The escalating conflict in the Red Sea has dealt a severe blow to Ethiopia’s import-oriented businesses as the country grapples with rerouted shipments, soaring freight rates, and infrastructure bottlenecks. With the vast majority of Ethiopia’s exports and imports trades passing through the Red Sea maritime corridor, the recent attacks by Houthi rebels and retaliatory strikes by Israel have disrupted a crucial trade lifeline for the landlocked nation.

“Since 80%-85% of exports and imports occur around the Red Sea, any delays have a significant impact,” said an economist who would like to remain anonymous. “This situation represents a substantial loss for those exporting both perishable and non-perishable goods, as well as for all the involved parties. There might also be some degree of uncertainty and fear.”

The Red Sea crisis has forced Ethiopian exporters to seek alternative shipping routes, leading to extended transit times and higher logistics costs. Tadese Melaku, the Manager of Coffee Trade at Horra Trading, explained that his company has turned to the logistics provider, the Mediterranean Shipping Company (MSC), which offers a longer journey through South Africa’s Cape of Good Hope to avoid the Red Sea.

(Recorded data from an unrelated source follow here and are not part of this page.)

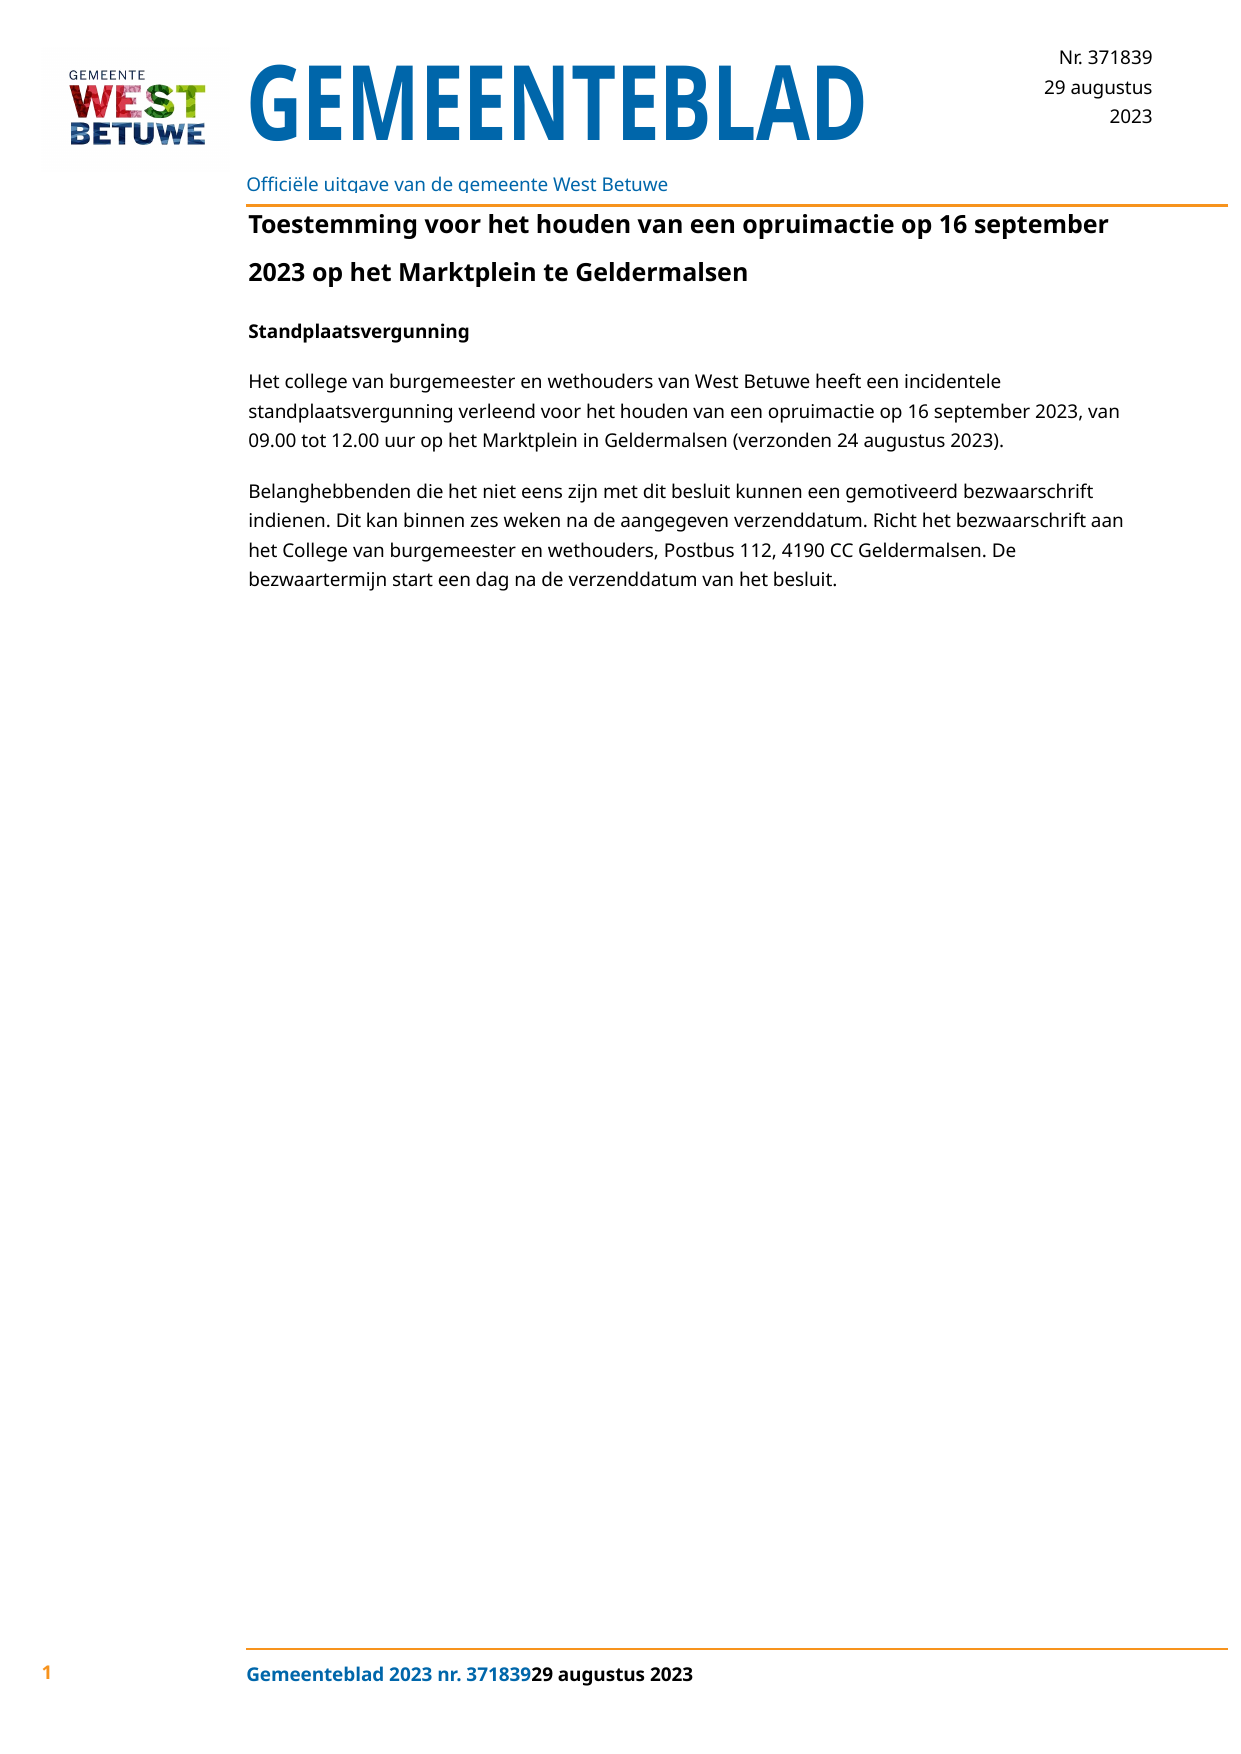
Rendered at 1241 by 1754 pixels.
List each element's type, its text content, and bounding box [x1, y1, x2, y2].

text Het college van burgemeester en wethouders van West Betuwe heeft een incidentele standplaatsvergunning verleend voor het houden van een opruimactie op 16 september 2023, van 09.00 tot 12.00 uur op het Marktplein in Geldermalsen (verzonden 24 augustus 2023). [248, 368, 1152, 453]
picture [41, 47, 231, 172]
text Toestemming voor het houden van een opruimactie op 16 september 2023 op het Marktplein te Geldermalsen [248, 207, 1152, 288]
text Standplaatsvergunning [248, 318, 1152, 344]
text Belanghebbenden die het niet eens zijn met dit besluit kunnen een gemotiveerd bezwaarschrift indienen. Dit kan binnen zes weken na de aangegeven verzenddatum. Richt het bezwaarschrift aan het College van burgemeester en wethouders, Postbus 112, 4190 CC Geldermalsen. De bezwaartermijn start een dag na de verzenddatum van het besluit. [248, 478, 1152, 592]

“Previously, it took one month for our product to reach customers, but now it takes two months,” Tadese said. “This extended transit time has slightly diminished the quality of our products, which can lead to losses for our buyers. Additionally, scheduling issues and inefficiencies at the Djibouti port, where containers are often delayed, exacerbate the problem.”

Unlike coffee exports, which used to be dispatched within about three days once containerised, Tadese said meeting this timeline is becoming increasingly challenging as the crisis disrupts the supply chain.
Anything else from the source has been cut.